[Task to complete]: Omit all pictures. Copy exactly the lines from the line containing "Select the footnote" to the end of the listing, with both ends included.
********
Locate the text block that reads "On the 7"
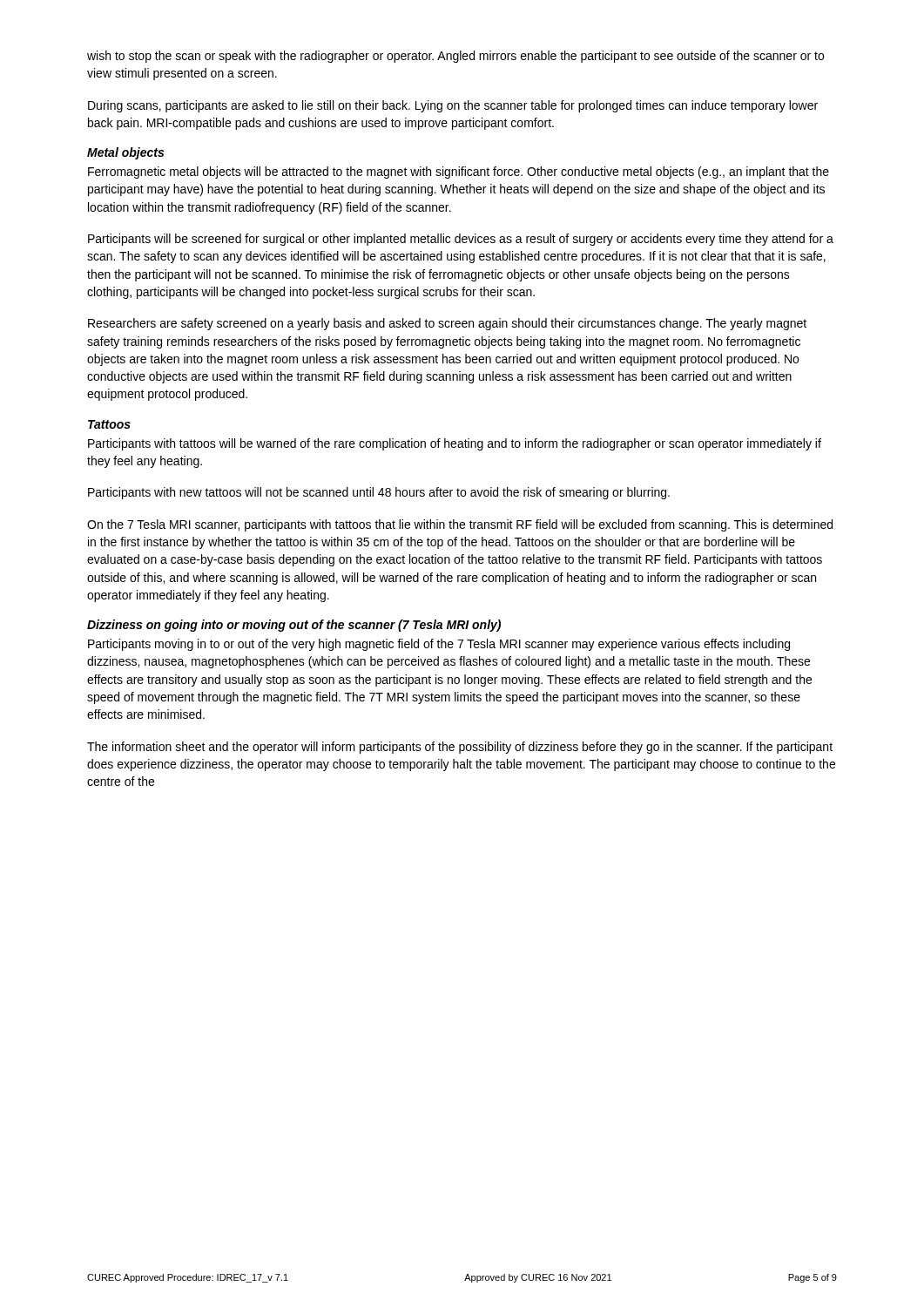 pyautogui.click(x=460, y=560)

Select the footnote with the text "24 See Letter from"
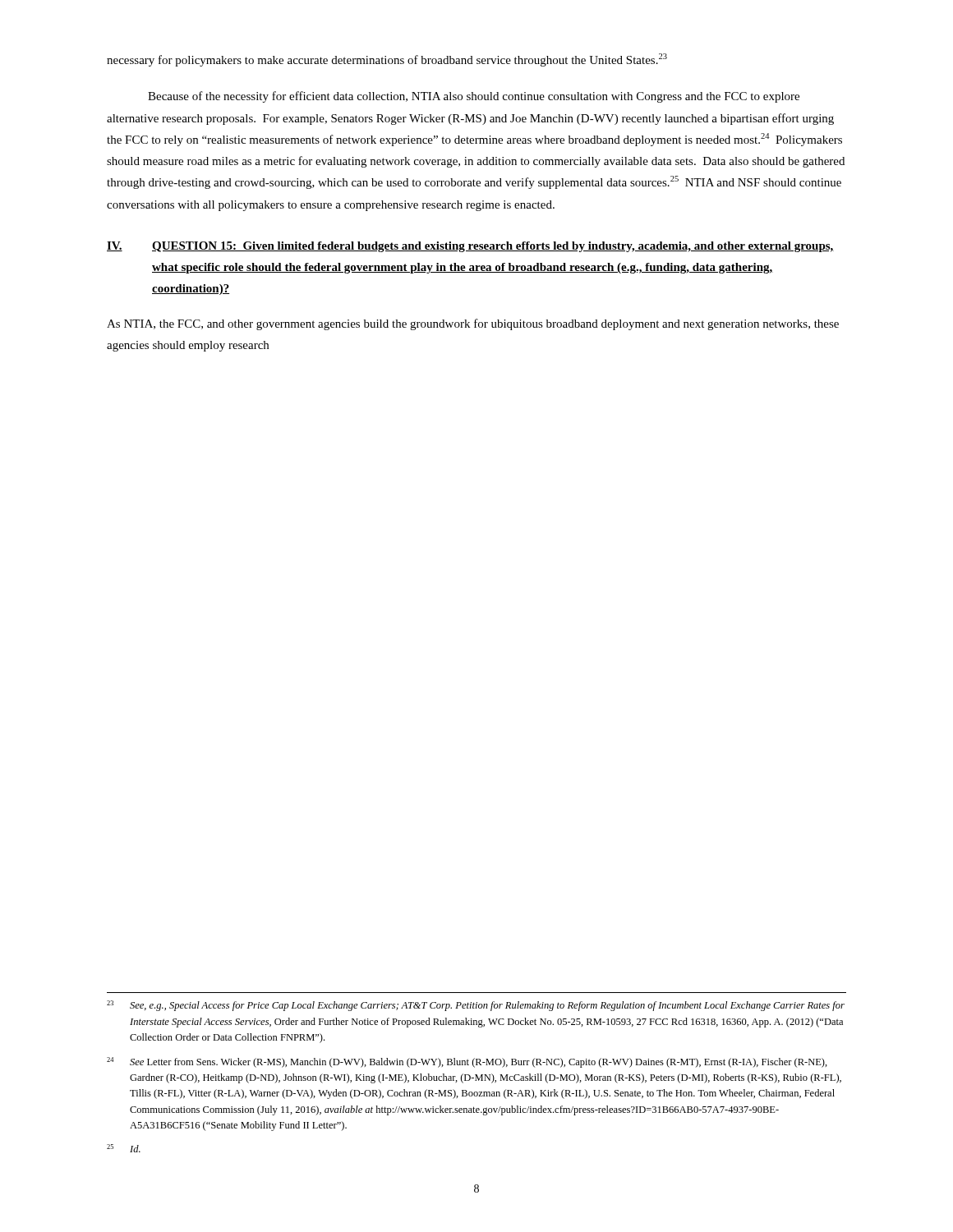coord(476,1094)
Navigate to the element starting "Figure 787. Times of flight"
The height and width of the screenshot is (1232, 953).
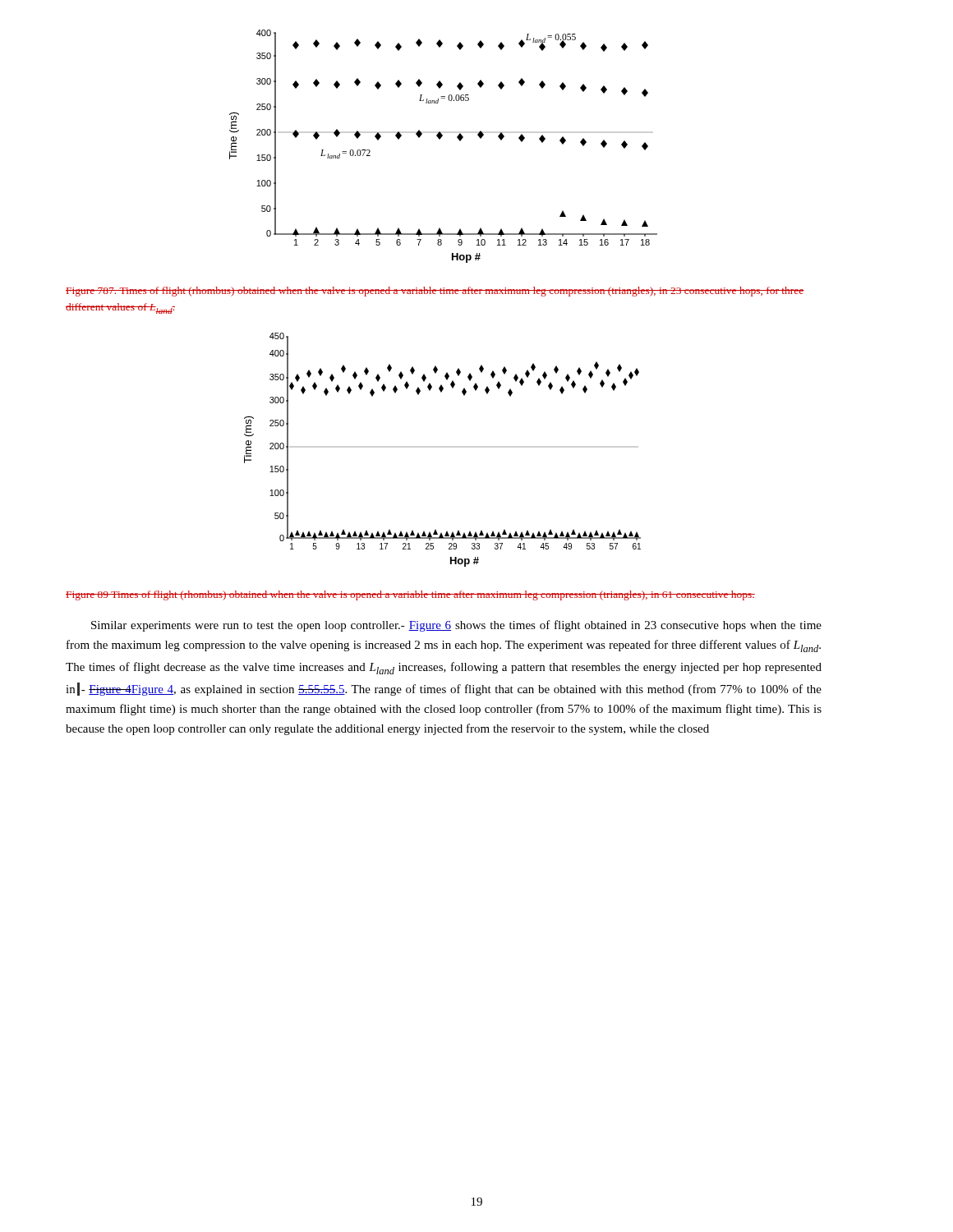pyautogui.click(x=435, y=299)
********
[Exercise response]:
Select the footnote with the text "24 See Letter from"
coord(476,1094)
Navigate to the element starting "Figure 787. Times of flight"
The height and width of the screenshot is (1232, 953).
pyautogui.click(x=435, y=299)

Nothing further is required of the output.